» WHAT TO WORK ON:
Examine each line of the listing below. Copy those in which the string "Numbers" appears.

» EXTRACTED DATA:
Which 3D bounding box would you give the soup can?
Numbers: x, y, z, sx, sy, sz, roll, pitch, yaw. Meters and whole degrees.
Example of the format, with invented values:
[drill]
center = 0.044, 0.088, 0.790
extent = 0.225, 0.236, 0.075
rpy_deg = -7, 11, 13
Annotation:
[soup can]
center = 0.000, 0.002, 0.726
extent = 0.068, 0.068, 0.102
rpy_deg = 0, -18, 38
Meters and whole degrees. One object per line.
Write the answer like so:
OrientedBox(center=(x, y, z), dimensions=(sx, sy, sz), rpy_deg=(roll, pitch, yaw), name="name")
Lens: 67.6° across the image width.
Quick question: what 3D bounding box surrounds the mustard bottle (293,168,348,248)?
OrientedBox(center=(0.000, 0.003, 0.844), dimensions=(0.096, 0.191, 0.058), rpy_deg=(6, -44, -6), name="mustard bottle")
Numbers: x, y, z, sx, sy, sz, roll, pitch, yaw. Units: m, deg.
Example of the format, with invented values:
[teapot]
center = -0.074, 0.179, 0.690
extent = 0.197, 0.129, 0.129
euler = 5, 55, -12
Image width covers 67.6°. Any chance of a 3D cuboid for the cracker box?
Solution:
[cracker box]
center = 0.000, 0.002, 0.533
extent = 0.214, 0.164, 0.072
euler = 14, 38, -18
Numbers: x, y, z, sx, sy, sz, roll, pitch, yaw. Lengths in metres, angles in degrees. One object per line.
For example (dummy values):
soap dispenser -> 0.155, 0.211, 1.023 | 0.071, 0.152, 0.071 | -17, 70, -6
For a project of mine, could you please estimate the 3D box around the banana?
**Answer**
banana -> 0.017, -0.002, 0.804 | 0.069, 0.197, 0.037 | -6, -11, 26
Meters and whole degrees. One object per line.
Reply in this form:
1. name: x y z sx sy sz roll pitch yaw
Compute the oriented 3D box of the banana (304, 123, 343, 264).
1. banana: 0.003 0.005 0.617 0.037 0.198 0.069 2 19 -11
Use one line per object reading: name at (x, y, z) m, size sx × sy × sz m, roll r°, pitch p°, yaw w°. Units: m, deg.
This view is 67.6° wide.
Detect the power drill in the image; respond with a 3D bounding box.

» TASK OUTPUT:
Numbers: x, y, z, sx, sy, sz, roll, pitch, yaw. Meters and whole degrees.
Numbers: x, y, z, sx, sy, sz, roll, pitch, yaw. Units: m, deg.
Numbers: x, y, z, sx, sy, sz, roll, pitch, yaw. Lengths in metres, angles in degrees. One object per line.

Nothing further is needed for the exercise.